**Goal of the exercise:** Identify all lines of the data containing the string "path" and copy them.

**Dataset extract:**
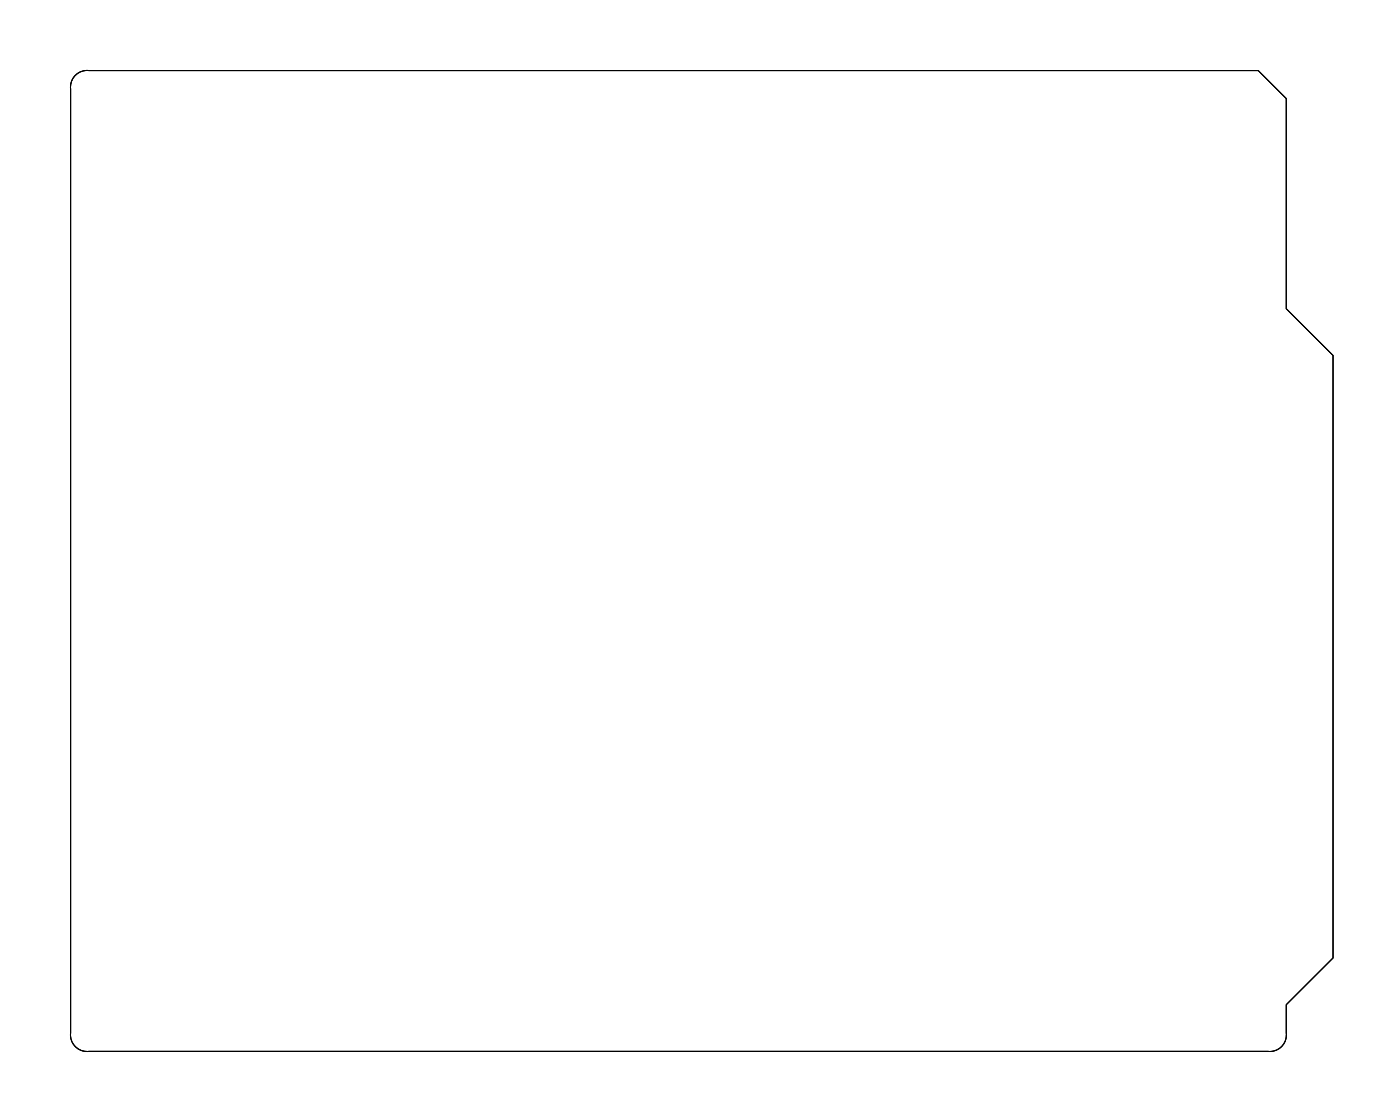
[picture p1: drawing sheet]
<svg xmlns="http://www.w3.org/2000/svg" width="76mm" height="61mm" viewBox="0 0 76 61" stroke-linecap="round" stroke-linejoin="round" font-family="sans-serif">
<path d="M4 4.2a.9 .9 0 0 1 .8-.4h63.4l1.5 1.5v11.4l2.5 2.6v32.6l-2.5 2.5v1.6a.9 .9 0 0 1-1 1h-63.9a.9 .9 0 0 1-1-1v-51.2l.1-.3z" fill="none" stroke="#000" stroke-width=".05"/>
<circle cx="37.8" cy="24" r=".76" fill="#fff"/>
<circle cx="37.8" cy="24" r=".76" fill="none" stroke="#fff" stroke-width=".7" stroke-linecap="butt"/>
<circle cx="35.3" cy="24" r=".76" fill="#fff"/>
<circle cx="35.3" cy="24" r=".76" fill="none" stroke="#fff" stroke-width=".7" stroke-linecap="butt"/>
<circle cx="32.7" cy="24" r=".76" fill="#fff"/>
<circle cx="32.7" cy="24" r=".76" fill="none" stroke="#fff" stroke-width=".7" stroke-linecap="butt"/>
<circle cx="30.2" cy="24" r=".76" fill="#fff"/>
<circle cx="30.2" cy="24" r=".76" fill="none" stroke="#fff" stroke-width=".7" stroke-linecap="butt"/>
<circle cx="27.7" cy="24" r=".76" fill="#fff"/>
<circle cx="27.7" cy="24" r=".76" fill="none" stroke="#fff" stroke-width=".7" stroke-linecap="butt"/>
<circle cx="42.9" cy="24" r=".76" fill="#fff"/>
<circle cx="42.9" cy="24" r=".76" fill="none" stroke="#fff" stroke-width=".7" stroke-linecap="butt"/>
<circle cx="40.4" cy="24" r=".76" fill="#fff"/>
<circle cx="40.4" cy="24" r=".76" fill="none" stroke="#fff" stroke-width=".7" stroke-linecap="butt"/>
<circle cx="48" cy="24" r=".76" fill="#fff"/>
<circle cx="48" cy="24" r=".76" fill="none" stroke="#fff" stroke-width=".7" stroke-linecap="butt"/>
<circle cx="45.4" cy="24" r=".76" fill="#fff"/>
<circle cx="45.4" cy="24" r=".76" fill="none" stroke="#fff" stroke-width=".7" stroke-linecap="butt"/>
<circle cx="50.5" cy="24" r=".76" fill="#fff"/>
<circle cx="50.5" cy="24" r=".76" fill="none" stroke="#fff" stroke-width=".7" stroke-linecap="butt"/>
<path d="M62.5 43.6h1.4v1.5h-1.4z" fill="#fff"/>
<path d="M62.5 43.6h1.4v1.5h-1.4z" fill="none" stroke="#fff" stroke-width=".76" stroke-linecap="butt"/>
<circle cx="63.2" cy="44.3" r=".74" fill="#fff"/>
<circle cx="63.2" cy="44.3" r=".74" fill="none" stroke="#fff" stroke-width=".76" stroke-linecap="butt"/>
<circle cx="63.2" cy="41.8" r=".74" fill="#fff"/>
<circle cx="63.2" cy="41.8" r=".74" fill="none" stroke="#fff" stroke-width=".76" stroke-linecap="butt"/>
<path d="M14.2 41.1h1.5v1.4h-1.5z" fill="#fff"/>
<path d="M14.2 41.1h1.5v1.4h-1.5z" fill="none" stroke="#fff" stroke-width=".76" stroke-linecap="butt"/>
<circle cx="15" cy="41.8" r=".74" fill="#fff"/>
<circle cx="15" cy="41.8" r=".74" fill="none" stroke="#fff" stroke-width=".76" stroke-linecap="butt"/>
<circle cx="15" cy="44.3" r=".74" fill="#fff"/>
<circle cx="15" cy="44.3" r=".74" fill="none" stroke="#fff" stroke-width=".76" stroke-linecap="butt"/>
<path d="M62.5 28.4h1.4v1.4h-1.4z" fill="#fff"/>
<path d="M62.5 28.4h1.4v1.4h-1.4z" fill="none" stroke="#fff" stroke-width=".76" stroke-linecap="butt"/>
<circle cx="63.2" cy="29.1" r=".74" fill="#fff"/>
<circle cx="63.2" cy="29.1" r=".74" fill="none" stroke="#fff" stroke-width=".76" stroke-linecap="butt"/>
<circle cx="63.2" cy="31.6" r=".74" fill="#fff"/>
<circle cx="63.2" cy="31.6" r=".74" fill="none" stroke="#fff" stroke-width=".76" stroke-linecap="butt"/>
<path d="M14.2 28.4h1.5v1.4h-1.5z" fill="#fff"/>
<path d="M14.2 28.4h1.5v1.4h-1.5z" fill="none" stroke="#fff" stroke-width=".76" stroke-linecap="butt"/>
<circle cx="15" cy="29.1" r=".74" fill="#fff"/>
<circle cx="15" cy="29.1" r=".74" fill="none" stroke="#fff" stroke-width=".76" stroke-linecap="butt"/>
<circle cx="15" cy="31.6" r=".74" fill="#fff"/>
<circle cx="15" cy="31.6" r=".74" fill="none" stroke="#fff" stroke-width=".76" stroke-linecap="butt"/>
<circle cx="20" cy="41.8" r=".7" fill="#fff"/>
<circle cx="20" cy="41.8" r=".7" fill="none" stroke="#fff" stroke-width=".76" stroke-linecap="butt"/>
<circle cx="30.2" cy="41.8" r=".7" fill="#fff"/>
<circle cx="30.2" cy="41.8" r=".7" fill="none" stroke="#fff" stroke-width=".76" stroke-linecap="butt"/>
<circle cx="20" cy="29.1" r=".7" fill="#fff"/>
<circle cx="20" cy="29.1" r=".7" fill="none" stroke="#fff" stroke-width=".76" stroke-linecap="butt"/>
<circle cx="30.2" cy="29.1" r=".7" fill="#fff"/>
<circle cx="30.2" cy="29.1" r=".7" fill="none" stroke="#fff" stroke-width=".76" stroke-linecap="butt"/>
<circle cx="50.5" cy="29.1" r=".7" fill="#fff"/>
<circle cx="50.5" cy="29.1" r=".7" fill="none" stroke="#fff" stroke-width=".76" stroke-linecap="butt"/>
<circle cx="40.4" cy="29.1" r=".7" fill="#fff"/>
<circle cx="40.4" cy="29.1" r=".7" fill="none" stroke="#fff" stroke-width=".76" stroke-linecap="butt"/>
<circle cx="50.5" cy="44.3" r=".7" fill="#fff"/>
<circle cx="50.5" cy="44.3" r=".7" fill="none" stroke="#fff" stroke-width=".76" stroke-linecap="butt"/>
<circle cx="40.4" cy="44.3" r=".7" fill="#fff"/>
<circle cx="40.4" cy="44.3" r=".7" fill="none" stroke="#fff" stroke-width=".76" stroke-linecap="butt"/>
<circle cx="57.1" cy="54.5" r=".66" fill="#fff"/>
<circle cx="57.1" cy="54.5" r=".66" fill="none" stroke="#fff" stroke-width=".61" stroke-linecap="butt"/>
<circle cx="59.7" cy="54.5" r=".66" fill="#fff"/>
<circle cx="59.7" cy="54.5" r=".66" fill="none" stroke="#fff" stroke-width=".61" stroke-linecap="butt"/>
<circle cx="62.2" cy="54.5" r=".66" fill="#fff"/>
<circle cx="62.2" cy="54.5" r=".66" fill="none" stroke="#fff" stroke-width=".61" stroke-linecap="butt"/>
<circle cx="64.7" cy="54.5" r=".66" fill="#fff"/>
<circle cx="64.7" cy="54.5" r=".66" fill="none" stroke="#fff" stroke-width=".61" stroke-linecap="butt"/>
<circle cx="67.3" cy="54.5" r=".66" fill="#fff"/>
<circle cx="67.3" cy="54.5" r=".66" fill="none" stroke="#fff" stroke-width=".61" stroke-linecap="butt"/>
<circle cx="45.4" cy="6.2" r=".66" fill="#fff"/>
<circle cx="45.4" cy="6.2" r=".66" fill="none" stroke="#fff" stroke-width=".61" stroke-linecap="butt"/>
<circle cx="42.9" cy="6.2" r=".66" fill="#fff"/>
<circle cx="42.9" cy="6.2" r=".66" fill="none" stroke="#fff" stroke-width=".61" stroke-linecap="butt"/>
<circle cx="40.4" cy="6.2" r=".66" fill="#fff"/>
<circle cx="40.4" cy="6.2" r=".66" fill="none" stroke="#fff" stroke-width=".61" stroke-linecap="butt"/>
<circle cx="37.8" cy="6.2" r=".66" fill="#fff"/>
<circle cx="37.8" cy="6.2" r=".66" fill="none" stroke="#fff" stroke-width=".61" stroke-linecap="butt"/>
<circle cx="35.3" cy="6.2" r=".66" fill="#fff"/>
<circle cx="35.3" cy="6.2" r=".66" fill="none" stroke="#fff" stroke-width=".61" stroke-linecap="butt"/>
<circle cx="32.7" cy="6.2" r=".66" fill="#fff"/>
<circle cx="32.7" cy="6.2" r=".66" fill="none" stroke="#fff" stroke-width=".61" stroke-linecap="butt"/>
<circle cx="30.2" cy="6.2" r=".66" fill="#fff"/>
<circle cx="30.2" cy="6.2" r=".66" fill="none" stroke="#fff" stroke-width=".61" stroke-linecap="butt"/>
<circle cx="27.7" cy="6.2" r=".66" fill="#fff"/>
<circle cx="27.7" cy="6.2" r=".66" fill="none" stroke="#fff" stroke-width=".61" stroke-linecap="butt"/>
<circle cx="25.1" cy="6.2" r=".66" fill="#fff"/>
<circle cx="25.1" cy="6.2" r=".66" fill="none" stroke="#fff" stroke-width=".61" stroke-linecap="butt"/>
<circle cx="22.6" cy="6.2" r=".66" fill="#fff"/>
<circle cx="22.6" cy="6.2" r=".66" fill="none" stroke="#fff" stroke-width=".61" stroke-linecap="butt"/>
<circle cx="67.3" cy="6.2" r=".66" fill="#fff"/>
<circle cx="67.3" cy="6.2" r=".66" fill="none" stroke="#fff" stroke-width=".61" stroke-linecap="butt"/>
<circle cx="64.7" cy="6.2" r=".66" fill="#fff"/>
<circle cx="64.7" cy="6.2" r=".66" fill="none" stroke="#fff" stroke-width=".61" stroke-linecap="butt"/>
<circle cx="62.2" cy="6.2" r=".66" fill="#fff"/>
<circle cx="62.2" cy="6.2" r=".66" fill="none" stroke="#fff" stroke-width=".61" stroke-linecap="butt"/>
<circle cx="59.7" cy="6.2" r=".66" fill="#fff"/>
<circle cx="59.7" cy="6.2" r=".66" fill="none" stroke="#fff" stroke-width=".61" stroke-linecap="butt"/>
<circle cx="57.1" cy="6.2" r=".66" fill="#fff"/>
<circle cx="57.1" cy="6.2" r=".66" fill="none" stroke="#fff" stroke-width=".61" stroke-linecap="butt"/>
<circle cx="54.6" cy="6.2" r=".66" fill="#fff"/>
<circle cx="54.6" cy="6.2" r=".66" fill="none" stroke="#fff" stroke-width=".61" stroke-linecap="butt"/>
<circle cx="52" cy="6.2" r=".66" fill="#fff"/>
<circle cx="52" cy="6.2" r=".66" fill="none" stroke="#fff" stroke-width=".61" stroke-linecap="butt"/>
<circle cx="49.5" cy="6.2" r=".66" fill="#fff"/>
<circle cx="49.5" cy="6.2" r=".66" fill="none" stroke="#fff" stroke-width=".61" stroke-linecap="butt"/>
<circle cx="34.3" cy="54.5" r=".66" fill="#fff"/>
<circle cx="34.3" cy="54.5" r=".66" fill="none" stroke="#fff" stroke-width=".61" stroke-linecap="butt"/>
<circle cx="31.7" cy="54.5" r=".66" fill="#fff"/>
<circle cx="31.7" cy="54.5" r=".66" fill="none" stroke="#fff" stroke-width=".61" stroke-linecap="butt"/>
<circle cx="36.8" cy="54.5" r=".66" fill="#fff"/>
<circle cx="36.8" cy="54.5" r=".66" fill="none" stroke="#fff" stroke-width=".61" stroke-linecap="butt"/>
<circle cx="39.3" cy="54.5" r=".66" fill="#fff"/>
<circle cx="39.3" cy="54.5" r=".66" fill="none" stroke="#fff" stroke-width=".61" stroke-linecap="butt"/>
<circle cx="41.9" cy="54.5" r=".66" fill="#fff"/>
<circle cx="41.9" cy="54.5" r=".66" fill="none" stroke="#fff" stroke-width=".61" stroke-linecap="butt"/>
<circle cx="44.4" cy="54.5" r=".66" fill="#fff"/>
<circle cx="44.4" cy="54.5" r=".66" fill="none" stroke="#fff" stroke-width=".61" stroke-linecap="butt"/>
<circle cx="47" cy="54.5" r=".66" fill="#fff"/>
<circle cx="47" cy="54.5" r=".66" fill="none" stroke="#fff" stroke-width=".61" stroke-linecap="butt"/>
<circle cx="49.5" cy="54.5" r=".66" fill="#fff"/>
<circle cx="49.5" cy="54.5" r=".66" fill="none" stroke="#fff" stroke-width=".61" stroke-linecap="butt"/>
<circle cx="54.6" cy="54.5" r=".66" fill="#fff"/>
<circle cx="54.6" cy="54.5" r=".66" fill="none" stroke="#fff" stroke-width=".61" stroke-linecap="butt"/>
</svg>

**Solution:**
<path d="M4 4.2a.9 .9 0 0 1 .8-.4h63.4l1.5 1.5v11.4l2.5 2.6v32.6l-2.5 2.5v1.6a.9 .9 0 0 1-1 1h-63.9a.9 .9 0 0 1-1-1v-51.2l.1-.3z" fill="none" stroke="#000" stroke-width=".05"/>
<path d="M62.5 43.6h1.4v1.5h-1.4z" fill="#fff"/>
<path d="M62.5 43.6h1.4v1.5h-1.4z" fill="none" stroke="#fff" stroke-width=".76" stroke-linecap="butt"/>
<path d="M14.2 41.1h1.5v1.4h-1.5z" fill="#fff"/>
<path d="M14.2 41.1h1.5v1.4h-1.5z" fill="none" stroke="#fff" stroke-width=".76" stroke-linecap="butt"/>
<path d="M62.5 28.4h1.4v1.4h-1.4z" fill="#fff"/>
<path d="M62.5 28.4h1.4v1.4h-1.4z" fill="none" stroke="#fff" stroke-width=".76" stroke-linecap="butt"/>
<path d="M14.2 28.4h1.5v1.4h-1.5z" fill="#fff"/>
<path d="M14.2 28.4h1.5v1.4h-1.5z" fill="none" stroke="#fff" stroke-width=".76" stroke-linecap="butt"/>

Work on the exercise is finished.